Wechsel in der Geschäftsführung

Dr. Christian Mestwerdt (47) tritt als Geschäftsführer der Dr. Kurt Wolff GmbH und der Dr. August Wolff GmbH & Co. KG Arzneimittel in die Bielefelder Dr. Wolff-Gruppe ein. Die Leitung des Familienunternehmens bleibt weiterhin eine Dreierspitze gemeinsam mit den Cousins und geschäftsführenden Gesellschaftern Eduard R. Dörrenberg und Christoph Harras-Wolff. Der Dipl. Kaufmann Dr. Christian Mestwerdt bekleidete seit 1998 verschiedene Funktionen in nationalen und internationalen Bereichen der Dr. August Oetker Nahrungsmittel KG. So verantwortete er seit 2010 die Geschäftstätigkeiten des Unternehmens in Afrika, Asien und Australien.

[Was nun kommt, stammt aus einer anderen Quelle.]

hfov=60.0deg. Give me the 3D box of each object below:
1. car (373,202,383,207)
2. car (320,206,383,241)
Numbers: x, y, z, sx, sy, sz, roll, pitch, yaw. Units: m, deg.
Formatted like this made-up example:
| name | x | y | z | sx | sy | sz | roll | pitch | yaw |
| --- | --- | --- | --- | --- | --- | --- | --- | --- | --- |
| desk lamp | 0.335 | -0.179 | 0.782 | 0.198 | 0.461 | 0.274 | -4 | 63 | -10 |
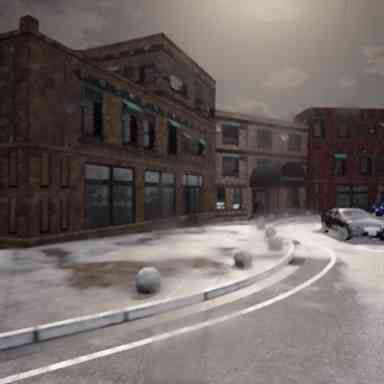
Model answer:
| name | x | y | z | sx | sy | sz | roll | pitch | yaw |
| --- | --- | --- | --- | --- | --- | --- | --- | --- | --- |
| car | 19.432 | 1.293 | 30.491 | 5.566 | 2.045 | 2.150 | 0 | 0 | -8 |
| car | 8.370 | 1.623 | 17.653 | 2.128 | 1.511 | 4.902 | 0 | 0 | 3 |
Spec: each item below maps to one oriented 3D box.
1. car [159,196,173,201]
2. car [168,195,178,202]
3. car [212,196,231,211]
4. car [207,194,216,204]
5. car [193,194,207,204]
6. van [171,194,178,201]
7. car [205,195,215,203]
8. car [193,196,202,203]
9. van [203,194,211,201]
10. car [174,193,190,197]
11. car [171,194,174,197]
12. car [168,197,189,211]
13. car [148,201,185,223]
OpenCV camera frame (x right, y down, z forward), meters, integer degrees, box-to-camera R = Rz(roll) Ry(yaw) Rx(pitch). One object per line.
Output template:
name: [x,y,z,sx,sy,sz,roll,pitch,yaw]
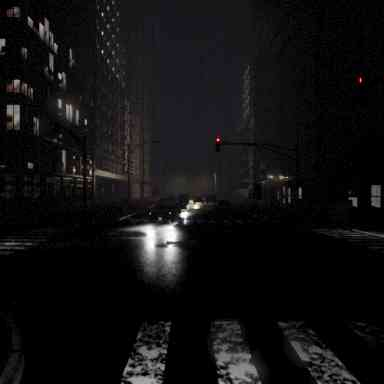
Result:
car: [-4.055,1.592,47.264,1.802,1.307,4.206,0,0,0]
car: [-4.188,1.426,74.902,1.967,1.590,4.097,0,0,0]
car: [3.902,1.579,41.776,1.947,1.339,4.313,0,0,0]
car: [3.746,1.313,63.884,2.192,1.841,5.009,0,0,0]
car: [1.271,1.524,62.996,1.812,1.442,4.674,0,0,0]
van: [-4.215,1.321,80.429,1.690,1.788,3.998,0,0,0]
car: [3.719,1.432,69.412,1.967,1.590,4.097,0,0,0]
car: [1.145,1.528,73.303,2.033,1.411,5.357,0,0,0]
van: [3.665,1.321,80.467,1.690,1.788,3.998,0,0,0]
car: [-1.609,1.223,61.156,2.150,2.045,5.566,0,0,1]
car: [-4.135,1.564,63.846,1.947,1.339,4.313,0,0,0]
car: [-1.559,1.614,41.532,1.895,1.301,4.718,0,0,0]
car: [-2.015,1.621,26.137,1.895,1.301,4.718,0,0,7]
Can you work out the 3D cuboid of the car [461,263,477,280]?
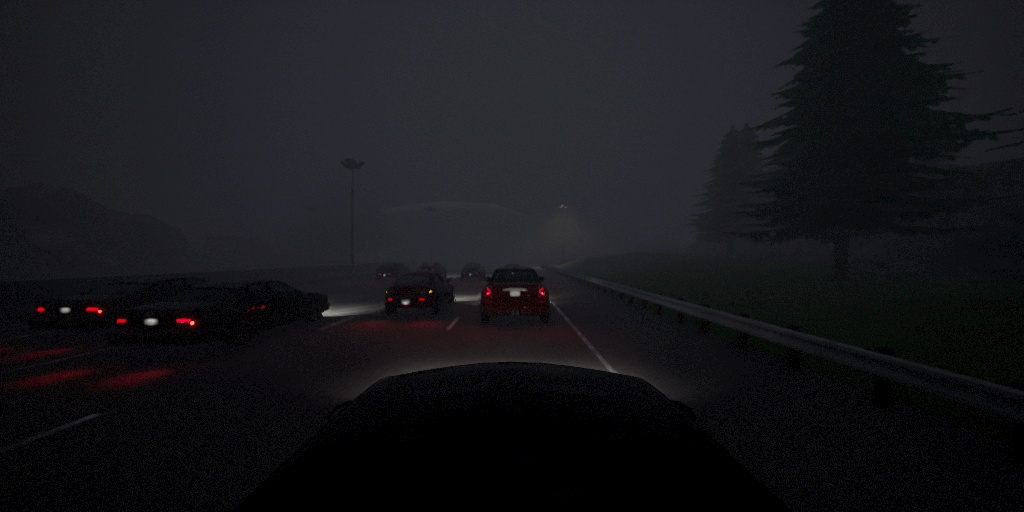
[{"bbox_3d":[-3.435,1.333,31.800,1.812,1.442,4.674,0,0,0],"label":"car"}]

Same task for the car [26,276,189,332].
[{"bbox_3d":[-10.406,1.320,10.859,2.033,1.411,5.357,0,0,0],"label":"car"}]

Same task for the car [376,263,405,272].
[{"bbox_3d":[-10.421,1.315,31.727,1.837,1.490,4.892,0,0,0],"label":"car"}]

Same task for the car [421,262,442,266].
[{"bbox_3d":[-6.921,1.299,31.124,2.128,1.511,4.902,0,0,0],"label":"car"}]

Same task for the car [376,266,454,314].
[{"bbox_3d":[-3.423,1.300,13.820,1.812,1.442,4.674,0,0,0],"label":"car"}]

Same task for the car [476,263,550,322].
[{"bbox_3d":[0.092,1.122,12.561,2.097,1.767,4.553,0,0,0],"label":"car"}]

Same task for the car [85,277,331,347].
[{"bbox_3d":[-6.905,1.315,9.368,2.033,1.411,5.357,0,0,0],"label":"car"}]
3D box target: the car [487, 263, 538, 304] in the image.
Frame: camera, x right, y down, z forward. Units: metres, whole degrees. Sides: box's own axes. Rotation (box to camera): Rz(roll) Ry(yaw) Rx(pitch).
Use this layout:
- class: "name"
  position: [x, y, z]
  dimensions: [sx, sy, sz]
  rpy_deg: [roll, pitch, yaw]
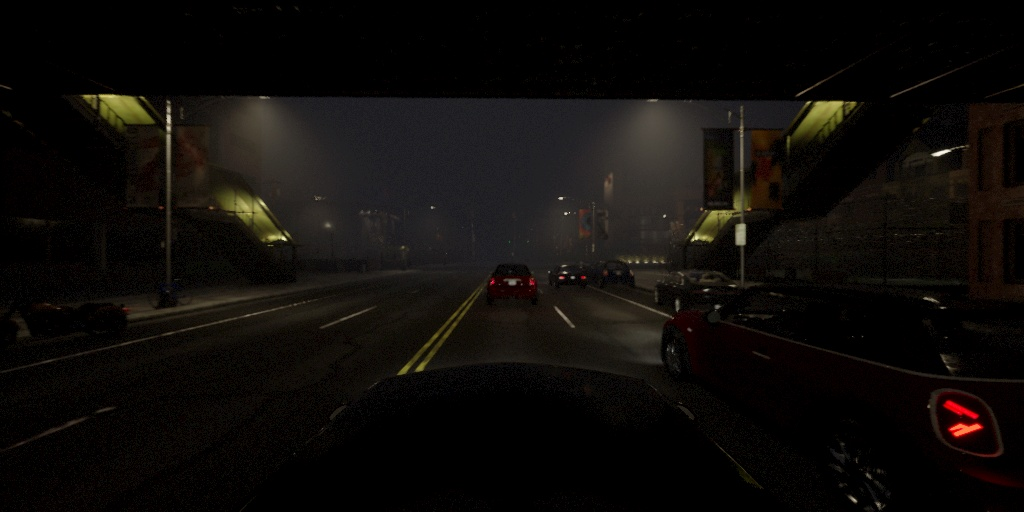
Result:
- class: "car"
  position: [-0.009, 1.089, 16.391]
  dimensions: [2.097, 1.767, 4.553]
  rpy_deg: [0, 0, -1]

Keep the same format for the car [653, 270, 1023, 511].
- class: "car"
  position: [3.597, 1.102, 4.302]
  dimensions: [2.097, 1.767, 4.553]
  rpy_deg: [0, 0, 0]

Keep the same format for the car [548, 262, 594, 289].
- class: "car"
  position: [3.421, 1.279, 22.810]
  dimensions: [2.033, 1.411, 5.357]
  rpy_deg: [0, 0, -1]
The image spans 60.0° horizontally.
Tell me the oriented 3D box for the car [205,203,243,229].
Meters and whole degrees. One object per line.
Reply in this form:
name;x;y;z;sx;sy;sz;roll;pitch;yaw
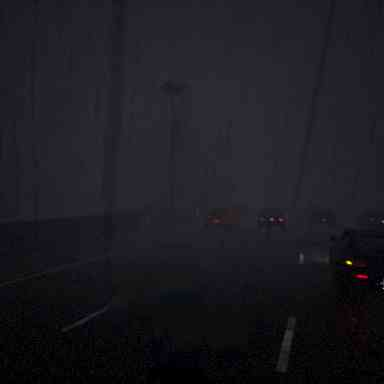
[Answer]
car;2.274;1.793;24.373;1.882;1.535;5.008;0;-1;16

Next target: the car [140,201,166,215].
car;-4.746;1.846;40.941;2.097;1.767;4.553;0;-1;12

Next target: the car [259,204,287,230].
car;5.839;1.873;24.030;2.033;1.411;5.357;0;-1;15

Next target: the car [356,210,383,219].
car;12.836;1.907;23.225;1.994;1.385;4.181;0;-1;15

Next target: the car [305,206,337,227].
car;9.882;1.840;25.712;1.882;1.535;5.008;0;-1;15

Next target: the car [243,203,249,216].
car;5.785;1.998;39.719;1.882;1.535;5.008;0;-1;11

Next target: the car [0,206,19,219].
car;-18.129;1.905;29.955;1.895;1.301;4.718;0;-1;15

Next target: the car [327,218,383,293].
car;4.720;1.655;8.737;1.812;1.442;4.674;0;-1;20
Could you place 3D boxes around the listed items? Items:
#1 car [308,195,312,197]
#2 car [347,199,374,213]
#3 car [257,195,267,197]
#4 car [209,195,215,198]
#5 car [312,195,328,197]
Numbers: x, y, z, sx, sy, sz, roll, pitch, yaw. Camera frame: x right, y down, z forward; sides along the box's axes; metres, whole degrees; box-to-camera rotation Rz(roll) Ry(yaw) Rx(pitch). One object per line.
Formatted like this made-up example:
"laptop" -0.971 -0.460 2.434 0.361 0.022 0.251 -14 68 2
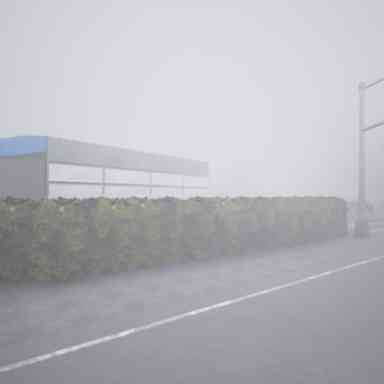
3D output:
"car" 25.775 1.563 71.857 3.866 1.878 1.905 1 0 -40
"car" 19.533 1.630 38.890 4.514 1.523 2.007 1 0 -40
"car" 17.648 1.649 81.739 5.027 1.636 2.152 1 0 -40
"car" 2.228 1.473 73.122 4.605 1.855 1.932 1 0 -40
"car" 27.939 1.584 69.874 4.605 1.855 1.932 1 0 -40
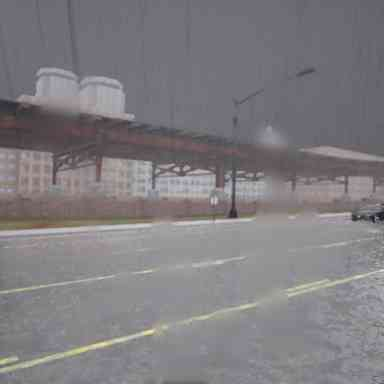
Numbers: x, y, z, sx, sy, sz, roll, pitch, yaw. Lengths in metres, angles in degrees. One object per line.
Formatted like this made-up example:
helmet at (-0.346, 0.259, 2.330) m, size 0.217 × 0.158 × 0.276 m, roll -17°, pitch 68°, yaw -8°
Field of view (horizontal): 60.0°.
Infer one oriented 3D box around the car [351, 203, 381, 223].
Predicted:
car at (15.112, 1.734, 27.581) m, size 4.892 × 1.490 × 1.837 m, roll 0°, pitch 0°, yaw -35°

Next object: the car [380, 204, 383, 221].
car at (16.035, 1.710, 23.955) m, size 4.902 × 1.511 × 2.128 m, roll 1°, pitch 0°, yaw -35°
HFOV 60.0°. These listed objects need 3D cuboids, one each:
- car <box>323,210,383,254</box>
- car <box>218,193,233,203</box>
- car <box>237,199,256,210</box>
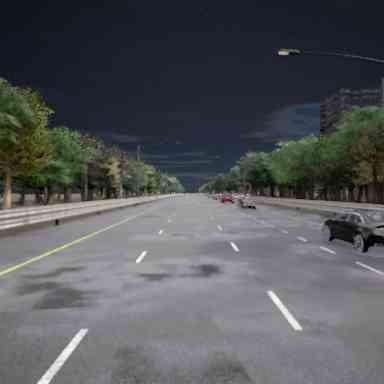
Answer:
[{"bbox_3d":[6.996,1.492,13.565,2.128,1.511,4.902,0,0,0],"label":"car"},{"bbox_3d":[7.061,1.267,68.126,2.150,2.045,5.566,0,0,0],"label":"car"},{"bbox_3d":[6.998,1.562,43.137,2.033,1.411,5.357,0,0,0],"label":"car"}]
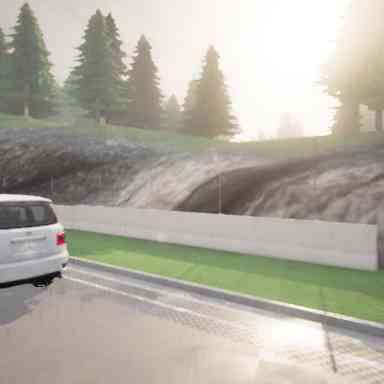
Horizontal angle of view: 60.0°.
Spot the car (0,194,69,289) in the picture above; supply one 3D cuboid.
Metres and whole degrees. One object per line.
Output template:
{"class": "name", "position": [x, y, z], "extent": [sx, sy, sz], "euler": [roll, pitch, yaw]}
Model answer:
{"class": "car", "position": [-5.178, 1.051, 7.650], "extent": [5.566, 2.045, 2.150], "euler": [1, 1, 35]}
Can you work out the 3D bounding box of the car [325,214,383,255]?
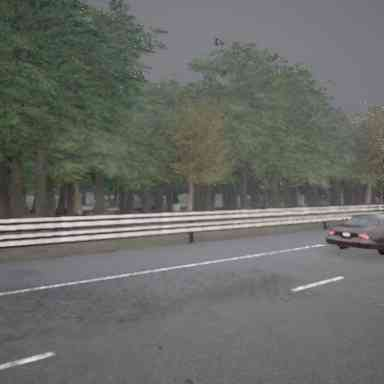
[{"bbox_3d":[7.616,1.594,13.465,5.357,1.411,2.033,0,0,-35],"label":"car"}]
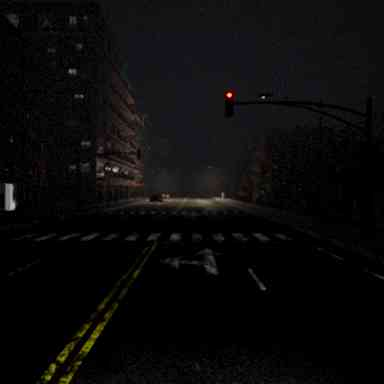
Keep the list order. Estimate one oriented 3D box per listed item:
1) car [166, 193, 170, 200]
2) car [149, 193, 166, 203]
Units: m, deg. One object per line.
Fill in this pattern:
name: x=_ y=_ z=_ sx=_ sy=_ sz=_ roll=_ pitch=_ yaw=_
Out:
car: x=-6.488 y=0.954 z=78.748 sx=2.097 sy=1.767 sz=4.553 roll=0 pitch=0 yaw=0
car: x=-6.491 y=1.020 z=60.412 sx=2.097 sy=1.767 sz=4.553 roll=0 pitch=0 yaw=0

Gründung einer digitalen Unternehmenseinheit

Mit dem Ziel, die Präsenz in digitalen Kanälen verstärkt auszubauen und so weitere Umsatzpotentiale zu heben, gründet Dr. Wolff eine eigene Unternehmenseinheit für die digitalen Bereiche. In der neu gegründeten Einheit verantwortet sie die Bereiche Social Media, Online Kampagnen und digitales Marketing. Durch die neue Unternehmenseinheit sollen neue Zielgruppen in digitalen Kanälen gewonnen werden.